Lo and behold, she came through. For the first time in the contest, two of the models in the final running are "plus-sized" -- generally wearing clothes of size 12 or 14, Sarah, the know-it-all "Model" contestant informed us. Diana, 21, is a striking college student from Garfield, N.J., and managed to pull off an Angelina Jolie "Tomb Raider" homage without looking like a tank.

Charismatic Whitney, 21 and a student at Dartmouth, posed in a spread purporting to support gay marriage, in an all-white suit -- without looking like a linebacker. This is progress, people. Milan wasn't built in a day.

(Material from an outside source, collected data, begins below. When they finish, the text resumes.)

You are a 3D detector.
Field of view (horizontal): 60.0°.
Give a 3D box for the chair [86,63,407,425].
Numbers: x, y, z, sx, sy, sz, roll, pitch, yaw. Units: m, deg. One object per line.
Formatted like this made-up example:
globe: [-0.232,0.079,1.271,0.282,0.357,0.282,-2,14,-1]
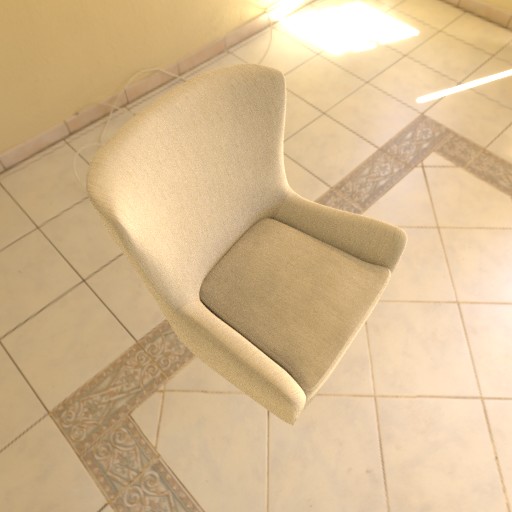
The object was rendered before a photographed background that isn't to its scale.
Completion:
chair: [0.000,0.000,1.660,0.904,1.000,0.779,32,63,18]

Wednesday's two-hour lead-up to these two women being selected was classic "Top Model" theater of the absurd -- featuring the women in an ersatz fashion boot camp (because getting your hair and makeup done by professionals is like going to war? I don't know, and I sense service people in Iraq might beg to differ) and the annual real estate porn of the finalists moving into a palace in the Hollywood Hills. (The house features a to-die-for view of the city; the interior is decorated with photos and quotes of past "Top Model" winners. There's a runway in the living room for the models to practice their fierce struts -- where your legs are seemingly controlled from your abdomen.)

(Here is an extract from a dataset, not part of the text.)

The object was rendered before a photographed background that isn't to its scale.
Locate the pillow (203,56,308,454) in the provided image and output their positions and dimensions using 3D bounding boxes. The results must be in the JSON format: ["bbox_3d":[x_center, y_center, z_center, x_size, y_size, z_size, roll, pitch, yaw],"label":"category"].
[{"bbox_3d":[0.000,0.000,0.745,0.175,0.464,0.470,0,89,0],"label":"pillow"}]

The first photo shoot of the contest featured the women in high-fashion public-service announcements for causes ranging from pro-life (a model chained to a clinic door) to pro-meat -- a model rolling around near-nude in roasted chicken still made it look tasty, if a touch unhygienic. Squealy hairstylist Kathleen, 20, was requested to pose on a stack of fur with red paint in a classic PETA protest -- and, sadly, was eliminated after she couldn't get into the appropriate ragey groove for the photos because she apparently had never heard of fur, or protesting, or, actually, red paint.